Spoke to the guys this week to see if it was on the cards if they could potentially develop an app download ( paid for ) and you then buy the tags as well for use on your own smart watch.

Great service, quick reply and whilst not possible at present was encouraged by the honesty and integrity. 

Your review sounds great, keep us up to date with how it goes, sounds a very encouraging start. 

Think you you have convinced me to just bite the bullet and order


----------



## turkish (Nov 21, 2017)

Hi JPXpro; I am interested in the software they use and what it gives you- I'm not all that bothered about yardages but more things like where my approach play stands in relation to handicap, or how I could improve on certain aspects of the game but from the website I couldn't find a whole lot of information on what data it actually provides other than yardages?

I ended up going with Arccoss 360 which breaks down my different parts of long and short game and whilst I love the software and you don't need a wearable the thing that is driving me nuts is it drains really bad with android phones and I rarely finish a full round- I am getting Iphone X at end of the week so going to try it on that 1st but if still really bad will be looking for something else- in terms of software and advising you how to improve Arccoss seems best from what I have seen.


----------



## jpxpro (Nov 21, 2017)

battery was a pain for me with previous efforts, this eliminates that as no need to be connected to phone during round, stats wise it seems very indepth, can break down from off tee, approach, around green and putting, also can look at stats from individual clubs etc think it does same if not more than other options, I did notice on Saturday tho you need to make sure and mark pin whilst on green otherwise it messes up the gir etc.


----------



## User2021 (Nov 22, 2017)

Mrs has ordered me one today.

I had sent a few emails last week inquiring if in the future there would be a version to pair with owners of existing Smart watches etc etc

Anyway they offered one at the pre order price - nice touch


----------



## xreyuk (Nov 26, 2017)

jpxpro said:



			battery was a pain for me with previous efforts, this eliminates that as no need to be connected to phone during round, stats wise it seems very indepth, can break down from off tee, approach, around green and putting, also can look at stats from individual clubs etc think it does same if not more than other options, I did notice on Saturday tho you need to make sure and mark pin whilst on green otherwise it messes up the gir etc.
		
Click to expand...

When you say to mark the pin, I thought you just had to select the number of putts you took by pressing the button, and it would assume that where you are stood when you press the button is where the pin is?

I've been holding off on buying anything until the reviews came out, people aren't very impressed with it on the GolfWRX forums.

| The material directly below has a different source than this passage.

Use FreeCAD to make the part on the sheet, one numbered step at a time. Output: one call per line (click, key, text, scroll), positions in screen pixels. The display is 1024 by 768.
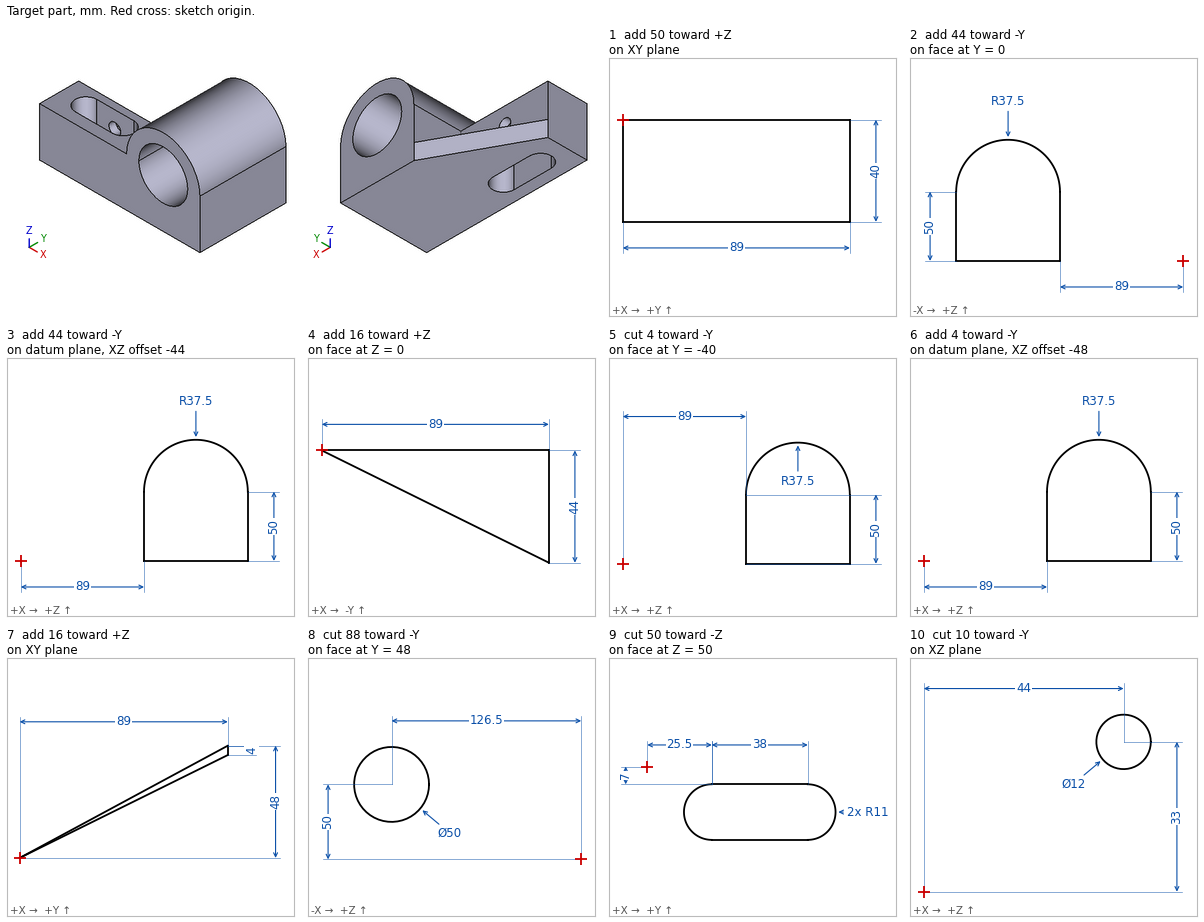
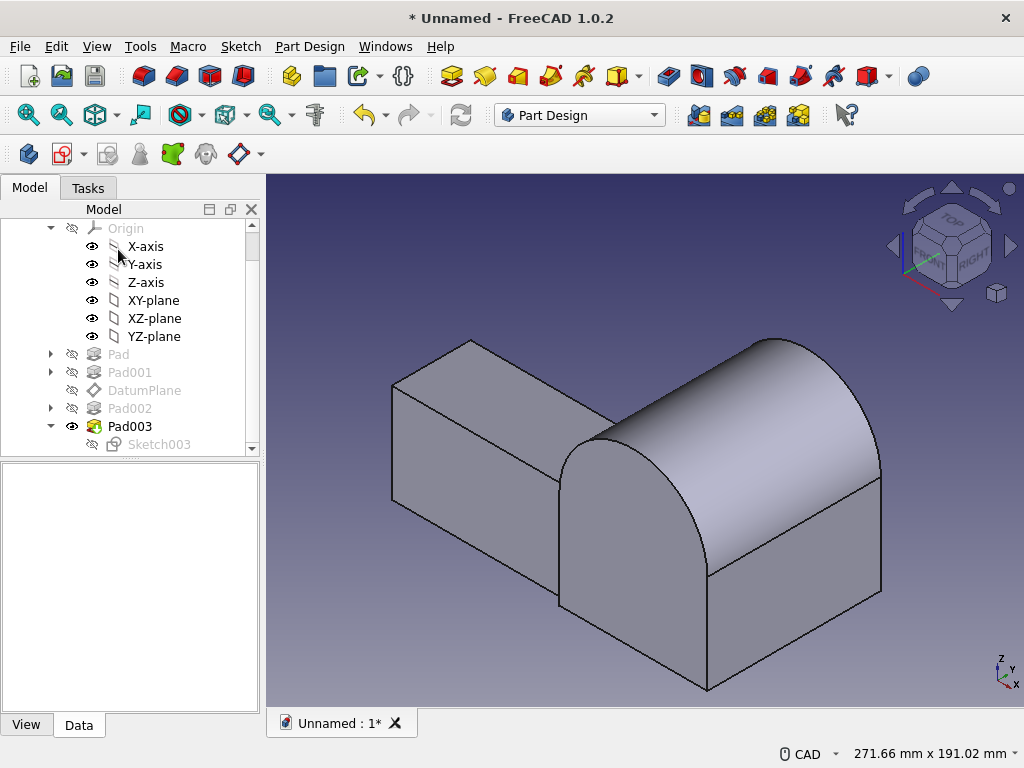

How are the stats? The one thing stopping me from going for Shot Scope, is I've heard that Game Golf has better stats (and is obviously cheaper, but you have to manually tag) and that Arccos is the best out of all of them for stats, but again that's expensive and is a battery drain for your phone.


----------



## PAULGRINNY (May 28, 2018)

Shot Scope V2 has added hazards also you can share shots rounds via social network


----------